What is needed:
The entries below are to be given back exactly, with images excluded.

=== Dataset ===

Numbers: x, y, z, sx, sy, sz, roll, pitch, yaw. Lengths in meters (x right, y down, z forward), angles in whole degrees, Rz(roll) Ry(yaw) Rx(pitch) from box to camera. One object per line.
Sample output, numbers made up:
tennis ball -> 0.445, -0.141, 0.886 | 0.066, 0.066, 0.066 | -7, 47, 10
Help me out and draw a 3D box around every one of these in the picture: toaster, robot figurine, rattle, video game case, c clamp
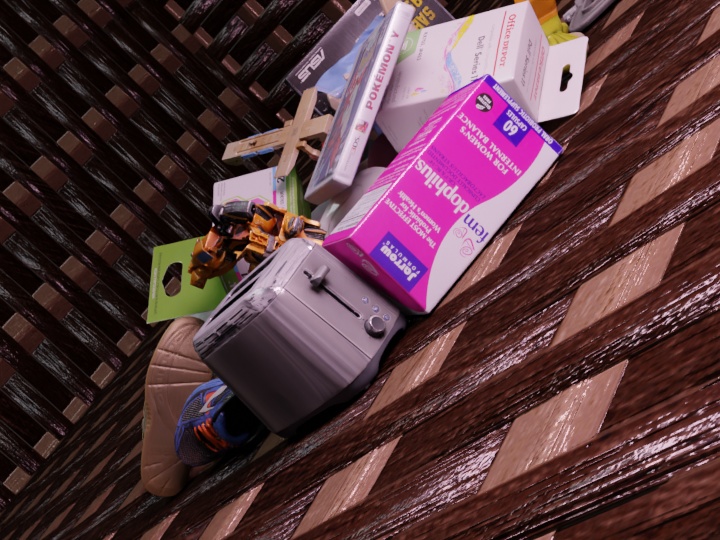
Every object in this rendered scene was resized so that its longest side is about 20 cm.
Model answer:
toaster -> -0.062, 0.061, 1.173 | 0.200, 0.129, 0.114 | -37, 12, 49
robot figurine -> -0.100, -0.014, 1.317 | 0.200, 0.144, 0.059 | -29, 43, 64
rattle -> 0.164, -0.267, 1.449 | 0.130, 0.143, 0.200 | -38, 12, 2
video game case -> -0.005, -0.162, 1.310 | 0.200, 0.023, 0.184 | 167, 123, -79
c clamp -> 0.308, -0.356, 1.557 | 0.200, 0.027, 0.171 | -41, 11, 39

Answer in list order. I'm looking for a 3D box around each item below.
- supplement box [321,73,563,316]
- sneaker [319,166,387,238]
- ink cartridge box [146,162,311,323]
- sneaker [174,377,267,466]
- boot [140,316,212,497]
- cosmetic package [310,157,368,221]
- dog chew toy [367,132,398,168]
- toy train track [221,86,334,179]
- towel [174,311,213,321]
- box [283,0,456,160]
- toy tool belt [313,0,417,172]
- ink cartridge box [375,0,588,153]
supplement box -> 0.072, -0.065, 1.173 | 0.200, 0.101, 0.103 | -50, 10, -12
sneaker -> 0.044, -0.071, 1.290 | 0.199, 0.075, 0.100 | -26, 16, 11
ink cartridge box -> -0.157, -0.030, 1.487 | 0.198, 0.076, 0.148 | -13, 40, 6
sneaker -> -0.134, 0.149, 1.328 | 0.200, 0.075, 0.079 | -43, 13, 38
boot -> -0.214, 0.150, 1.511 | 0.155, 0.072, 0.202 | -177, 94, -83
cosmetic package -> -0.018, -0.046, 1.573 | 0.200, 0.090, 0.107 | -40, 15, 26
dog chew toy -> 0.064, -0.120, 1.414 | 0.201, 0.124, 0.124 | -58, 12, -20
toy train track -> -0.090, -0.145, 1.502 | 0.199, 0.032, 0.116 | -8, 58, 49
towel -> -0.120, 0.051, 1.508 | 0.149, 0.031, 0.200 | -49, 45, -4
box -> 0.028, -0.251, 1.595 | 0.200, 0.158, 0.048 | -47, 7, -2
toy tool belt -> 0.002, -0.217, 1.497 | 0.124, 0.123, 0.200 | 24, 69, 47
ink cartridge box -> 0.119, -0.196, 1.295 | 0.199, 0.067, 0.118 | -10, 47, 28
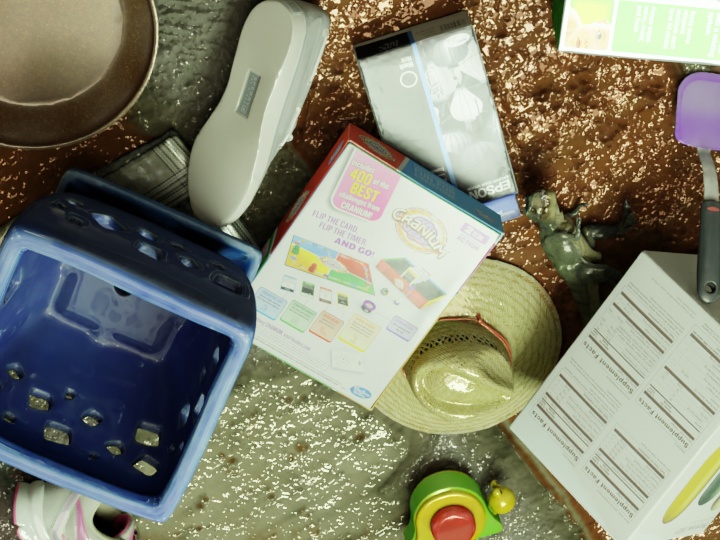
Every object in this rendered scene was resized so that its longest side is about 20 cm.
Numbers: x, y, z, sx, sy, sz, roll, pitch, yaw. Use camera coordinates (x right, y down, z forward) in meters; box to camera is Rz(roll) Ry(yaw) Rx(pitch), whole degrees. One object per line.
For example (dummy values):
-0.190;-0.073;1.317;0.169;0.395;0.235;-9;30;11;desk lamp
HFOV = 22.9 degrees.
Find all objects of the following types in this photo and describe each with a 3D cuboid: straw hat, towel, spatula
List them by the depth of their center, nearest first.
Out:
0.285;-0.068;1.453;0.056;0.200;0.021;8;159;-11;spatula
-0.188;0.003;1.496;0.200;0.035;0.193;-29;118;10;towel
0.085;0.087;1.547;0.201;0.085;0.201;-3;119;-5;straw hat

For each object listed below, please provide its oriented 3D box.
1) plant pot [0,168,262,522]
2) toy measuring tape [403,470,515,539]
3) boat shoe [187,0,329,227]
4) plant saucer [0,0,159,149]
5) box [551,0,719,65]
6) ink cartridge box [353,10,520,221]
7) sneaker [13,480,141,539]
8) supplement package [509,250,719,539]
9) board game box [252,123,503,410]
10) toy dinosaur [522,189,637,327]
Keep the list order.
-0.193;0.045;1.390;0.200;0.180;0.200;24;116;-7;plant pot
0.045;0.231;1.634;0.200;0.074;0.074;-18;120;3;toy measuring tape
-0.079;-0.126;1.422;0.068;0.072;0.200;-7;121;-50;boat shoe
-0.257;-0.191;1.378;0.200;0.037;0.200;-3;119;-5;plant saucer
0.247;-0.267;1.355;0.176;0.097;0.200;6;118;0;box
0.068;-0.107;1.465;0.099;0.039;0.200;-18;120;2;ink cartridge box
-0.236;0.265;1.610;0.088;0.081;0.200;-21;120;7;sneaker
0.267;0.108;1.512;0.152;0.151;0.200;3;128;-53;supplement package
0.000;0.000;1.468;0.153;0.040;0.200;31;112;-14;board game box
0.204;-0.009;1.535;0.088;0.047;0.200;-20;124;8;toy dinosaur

===

Task solution:
Numbers: x, y, z, sx, sy, sz, roll, pitch, yaw. Lengths in meters (x right, y down, z forward), angles in whole degrees, Rz(roll) Ry(yaw) Rx(pitch) from box to camera. One object per line.
Sample output, numbers made up:
tennis ball -> 0.445, -0.141, 0.886 | 0.066, 0.066, 0.066 | -7, 47, 10
Help me out and draw a 3D box around every one of these in the picture: toaster, robot figurine, rattle, video game case, c clamp
Every object in this rendered scene was resized so that its longest side is about 20 cm.
Model answer:
toaster -> -0.062, 0.061, 1.173 | 0.200, 0.129, 0.114 | -37, 12, 49
robot figurine -> -0.100, -0.014, 1.317 | 0.200, 0.144, 0.059 | -29, 43, 64
rattle -> 0.164, -0.267, 1.449 | 0.130, 0.143, 0.200 | -38, 12, 2
video game case -> -0.005, -0.162, 1.310 | 0.200, 0.023, 0.184 | 167, 123, -79
c clamp -> 0.308, -0.356, 1.557 | 0.200, 0.027, 0.171 | -41, 11, 39

Answer in list order. I'm looking for a 3D box around each item below.
- supplement box [321,73,563,316]
- sneaker [319,166,387,238]
- ink cartridge box [146,162,311,323]
- sneaker [174,377,267,466]
- boot [140,316,212,497]
- cosmetic package [310,157,368,221]
- dog chew toy [367,132,398,168]
- toy train track [221,86,334,179]
- towel [174,311,213,321]
- box [283,0,456,160]
- toy tool belt [313,0,417,172]
- ink cartridge box [375,0,588,153]
supplement box -> 0.072, -0.065, 1.173 | 0.200, 0.101, 0.103 | -50, 10, -12
sneaker -> 0.044, -0.071, 1.290 | 0.199, 0.075, 0.100 | -26, 16, 11
ink cartridge box -> -0.157, -0.030, 1.487 | 0.198, 0.076, 0.148 | -13, 40, 6
sneaker -> -0.134, 0.149, 1.328 | 0.200, 0.075, 0.079 | -43, 13, 38
boot -> -0.214, 0.150, 1.511 | 0.155, 0.072, 0.202 | -177, 94, -83
cosmetic package -> -0.018, -0.046, 1.573 | 0.200, 0.090, 0.107 | -40, 15, 26
dog chew toy -> 0.064, -0.120, 1.414 | 0.201, 0.124, 0.124 | -58, 12, -20
toy train track -> -0.090, -0.145, 1.502 | 0.199, 0.032, 0.116 | -8, 58, 49
towel -> -0.120, 0.051, 1.508 | 0.149, 0.031, 0.200 | -49, 45, -4
box -> 0.028, -0.251, 1.595 | 0.200, 0.158, 0.048 | -47, 7, -2
toy tool belt -> 0.002, -0.217, 1.497 | 0.124, 0.123, 0.200 | 24, 69, 47
ink cartridge box -> 0.119, -0.196, 1.295 | 0.199, 0.067, 0.118 | -10, 47, 28
Every object in this rendered scene was resized so that its longest side is about 20 cm.
Numbers: x, y, z, sx, sy, sz, roll, pitch, yaw. Use camera coordinates (x right, y down, z forward) in meters; box to camera is Rz(roll) Ry(yaw) Rx(pitch), whole degrees. One object per line.
For example (dummy values):
-0.190;-0.073;1.317;0.169;0.395;0.235;-9;30;11;desk lamp
HFOV = 22.9 degrees.
Find all objects of the following types in this photo and describe each with a 3D cuboid: straw hat, towel, spatula
List them by the depth of their center, nearest first.
Out:
0.285;-0.068;1.453;0.056;0.200;0.021;8;159;-11;spatula
-0.188;0.003;1.496;0.200;0.035;0.193;-29;118;10;towel
0.085;0.087;1.547;0.201;0.085;0.201;-3;119;-5;straw hat

For each object listed below, please provide its oriented 3D box.
1) plant pot [0,168,262,522]
2) toy measuring tape [403,470,515,539]
3) boat shoe [187,0,329,227]
4) plant saucer [0,0,159,149]
5) box [551,0,719,65]
6) ink cartridge box [353,10,520,221]
7) sneaker [13,480,141,539]
8) supplement package [509,250,719,539]
9) board game box [252,123,503,410]
10) toy dinosaur [522,189,637,327]
Keep the list order.
-0.193;0.045;1.390;0.200;0.180;0.200;24;116;-7;plant pot
0.045;0.231;1.634;0.200;0.074;0.074;-18;120;3;toy measuring tape
-0.079;-0.126;1.422;0.068;0.072;0.200;-7;121;-50;boat shoe
-0.257;-0.191;1.378;0.200;0.037;0.200;-3;119;-5;plant saucer
0.247;-0.267;1.355;0.176;0.097;0.200;6;118;0;box
0.068;-0.107;1.465;0.099;0.039;0.200;-18;120;2;ink cartridge box
-0.236;0.265;1.610;0.088;0.081;0.200;-21;120;7;sneaker
0.267;0.108;1.512;0.152;0.151;0.200;3;128;-53;supplement package
0.000;0.000;1.468;0.153;0.040;0.200;31;112;-14;board game box
0.204;-0.009;1.535;0.088;0.047;0.200;-20;124;8;toy dinosaur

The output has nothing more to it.